Data collection: SMART (Bruker, 2007 ▶); cell refinement: SAINT (Bruker, 2007 ▶); data reduction: SAINT; program(s) used to solve structure: SIR92 (Altomare et al., 1994 ▶); program(s) used to refine structure: SHELXL97 (Sheldrick, 2008 ▶); molecular graphics: Mercury (Macrae et al., 2008 ▶); software used to prepare material for publication: SHELXL97.

Supplementary Material

Additional supplementary materials: crystallographic information; 3D view; checkCIF report

Table 1. Hydrogen-bond geometry (Å, °).

D—H⋯A	D—H	H⋯A	D⋯A	D—H⋯A
N4—H4N⋯O6	0.88 (2)	1.97 (2)	2.849 (2)	171.9 (19)
N3—H3N⋯N6	0.83 (2)	2.00 (2)	2.705 (2)	141.8 (19)
O6—H6A⋯O3i	0.82 (4)	2.32 (4)	3.119 (3)	168 (4)
O6—H6B⋯O2ii	0.73 (4)	2.44 (4)	3.143 (3)	164 (4)
O6—H6B⋯O1ii	0.73 (4)	2.62 (4)	3.248 (3)	146 (4)

Symmetry codes: (i) ; (ii) .

supplementary crystallographic information

Comment

The background to this study has been described in our previous work on the structural chemistry of N,N'-disubstituted thiourea (Saeed et al., 2011). In continuation of our studies, the crystal structure of the title compound, is presented in this paper.

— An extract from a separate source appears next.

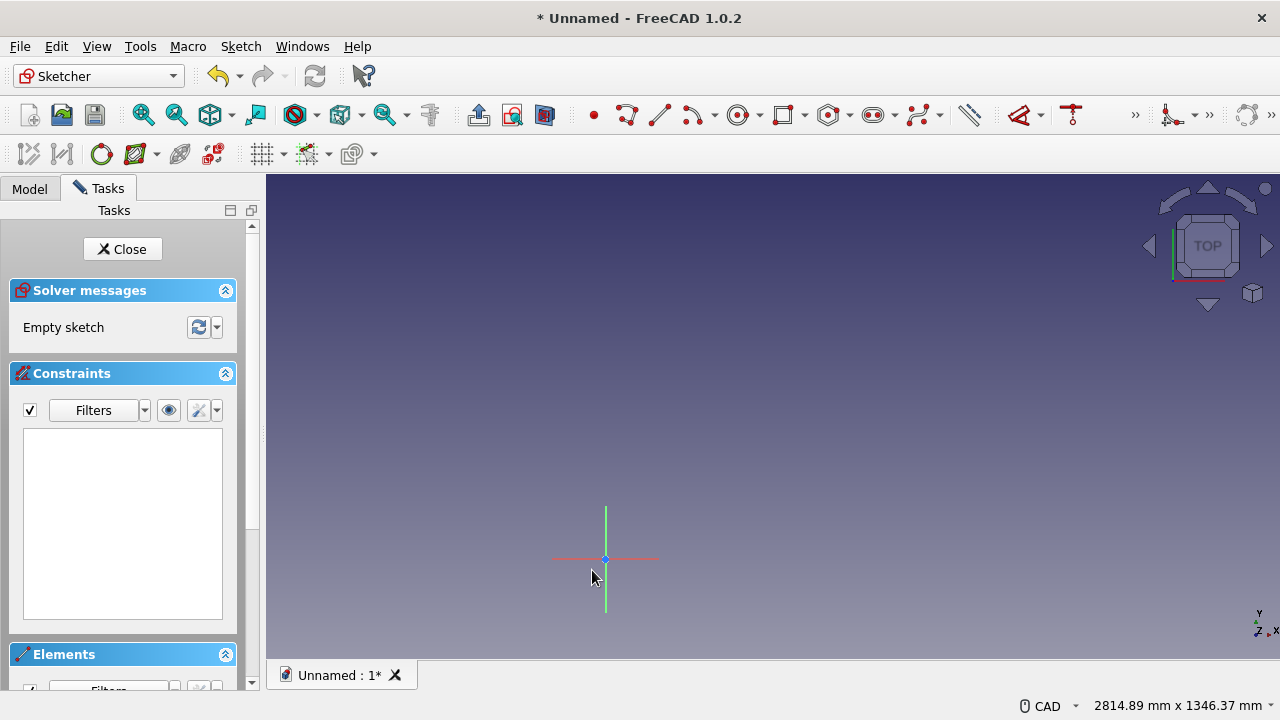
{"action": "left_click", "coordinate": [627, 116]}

In the title molecule (Fig. 1), the nitro groups N1/O1/O2 and N2/O3/O4 are oriented are 5.05 (11) and 9.40 (15)°, respectively, with rest to the mean-plane of the phenyl ring C1—C6. Moreover, the 4,6-dimethyl-pyrimidinyl ring plane, C9—C14/N5/N6, makes a dihedral angle of 1.31 (5)° with the the plane formed by the atoms C7/O5/N3/C8/S1/N4.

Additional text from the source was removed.